## Problem
For each entry, output its words exactly and leave any picture behind.
Top of Records to use
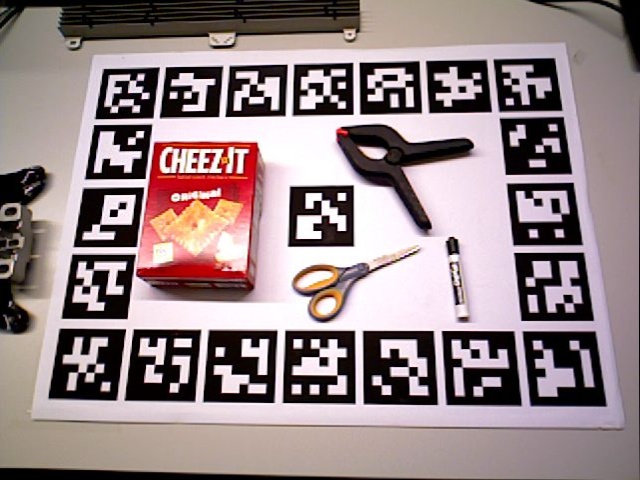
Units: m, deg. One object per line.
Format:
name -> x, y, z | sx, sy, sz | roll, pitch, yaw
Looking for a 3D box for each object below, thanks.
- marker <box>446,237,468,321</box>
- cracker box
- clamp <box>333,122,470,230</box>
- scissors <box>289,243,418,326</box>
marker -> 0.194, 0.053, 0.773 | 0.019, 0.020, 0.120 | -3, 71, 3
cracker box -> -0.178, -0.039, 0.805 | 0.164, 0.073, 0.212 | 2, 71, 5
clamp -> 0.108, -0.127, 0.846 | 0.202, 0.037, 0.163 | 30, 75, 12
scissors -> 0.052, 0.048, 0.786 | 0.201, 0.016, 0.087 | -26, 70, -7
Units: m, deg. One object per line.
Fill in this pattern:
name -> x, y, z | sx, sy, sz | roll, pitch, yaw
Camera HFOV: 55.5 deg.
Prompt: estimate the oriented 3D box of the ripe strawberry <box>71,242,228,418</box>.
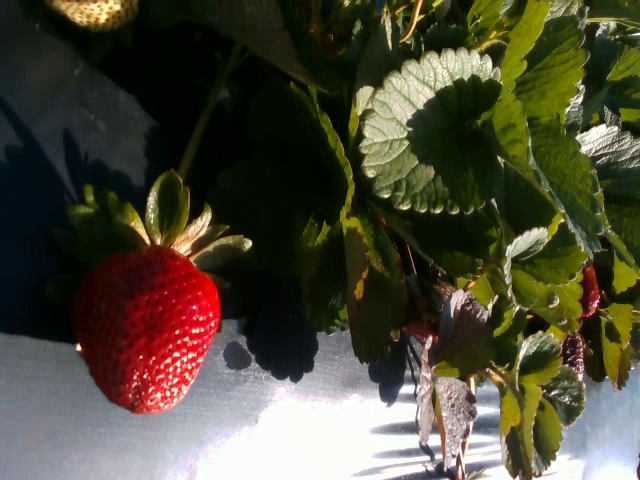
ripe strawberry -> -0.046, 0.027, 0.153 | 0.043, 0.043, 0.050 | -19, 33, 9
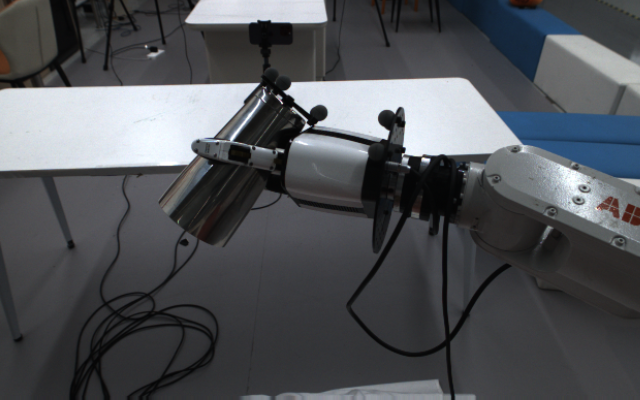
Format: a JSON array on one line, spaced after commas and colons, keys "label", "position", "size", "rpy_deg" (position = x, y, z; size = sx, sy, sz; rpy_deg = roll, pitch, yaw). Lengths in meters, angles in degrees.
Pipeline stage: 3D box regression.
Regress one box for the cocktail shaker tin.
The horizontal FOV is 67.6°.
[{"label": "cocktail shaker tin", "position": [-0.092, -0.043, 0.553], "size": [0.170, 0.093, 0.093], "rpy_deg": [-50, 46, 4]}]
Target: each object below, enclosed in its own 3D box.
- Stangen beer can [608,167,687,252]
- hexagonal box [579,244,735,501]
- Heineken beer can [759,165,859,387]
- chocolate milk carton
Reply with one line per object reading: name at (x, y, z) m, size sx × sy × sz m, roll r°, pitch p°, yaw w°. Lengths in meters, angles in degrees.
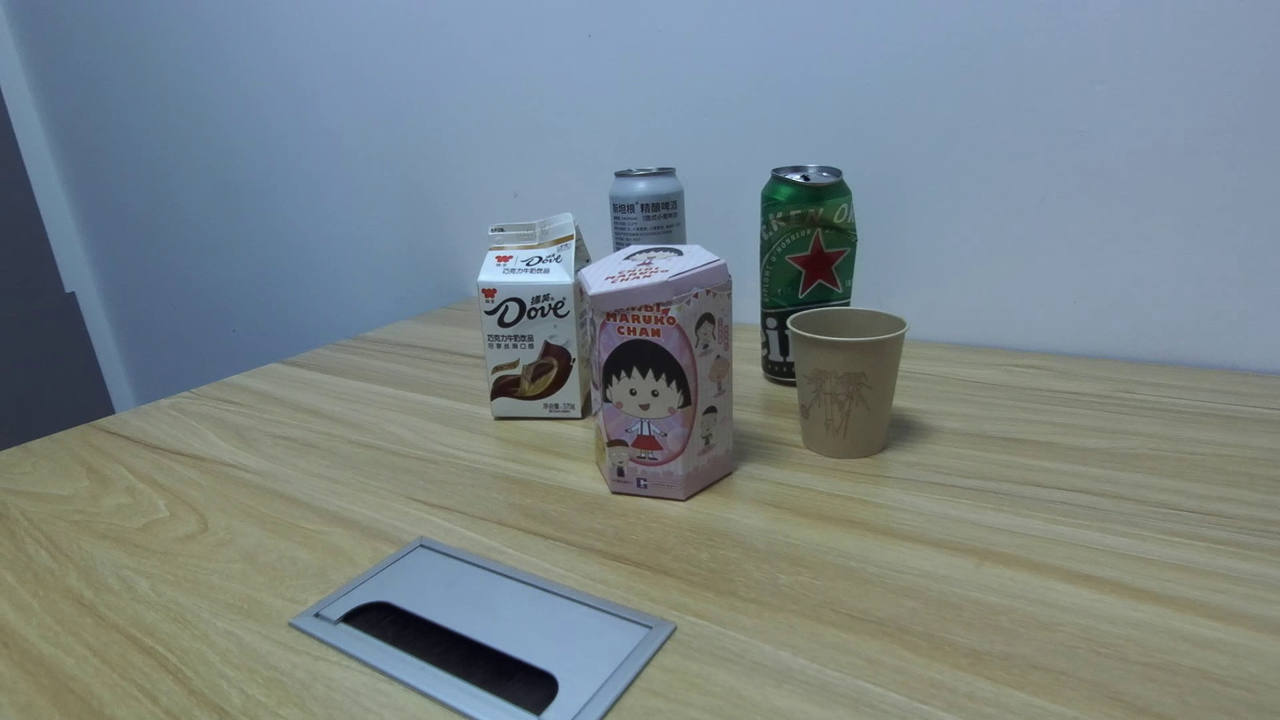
Bottom of Records to use
## Response box
Units: m, deg. One object per line.
Format:
name -> x, y, z | sx, sy, sz | roll, pitch, yaw
Looking for a 3D box for each object below, thanks.
- marker <box>446,237,468,321</box>
- cracker box
- clamp <box>333,122,470,230</box>
- scissors <box>289,243,418,326</box>
marker -> 0.194, 0.053, 0.773 | 0.019, 0.020, 0.120 | -3, 71, 3
cracker box -> -0.178, -0.039, 0.805 | 0.164, 0.073, 0.212 | 2, 71, 5
clamp -> 0.108, -0.127, 0.846 | 0.202, 0.037, 0.163 | 30, 75, 12
scissors -> 0.052, 0.048, 0.786 | 0.201, 0.016, 0.087 | -26, 70, -7
Units: m, deg. One object per line.
Fill in this pattern:
name -> x, y, z | sx, sy, sz | roll, pitch, yaw
Camera HFOV: 55.5 deg.
Prompt: estimate the oriented 3D box of the ripe strawberry <box>71,242,228,418</box>.
ripe strawberry -> -0.046, 0.027, 0.153 | 0.043, 0.043, 0.050 | -19, 33, 9
Format: a JSON array on one line, spaced after commas and colons, keys "label", "position", "size", "rpy_deg" (position = x, y, z; size = sx, sy, sz; rpy_deg = roll, pitch, yaw). Lengths in meters, angles in degrees.
Pipeline stage: 3D box regression.
Regress one box for the cocktail shaker tin.
The horizontal FOV is 67.6°.
[{"label": "cocktail shaker tin", "position": [-0.092, -0.043, 0.553], "size": [0.170, 0.093, 0.093], "rpy_deg": [-50, 46, 4]}]
Target: each object below, enclosed in its own 3D box.
- Stangen beer can [608,167,687,252]
- hexagonal box [579,244,735,501]
- Heineken beer can [759,165,859,387]
- chocolate milk carton
Reply with one line per object reading: name at (x, y, z) m, size sx × sy × sz m, roll r°, pitch p°, yaw w°. Lengths in meters, angles in degrees.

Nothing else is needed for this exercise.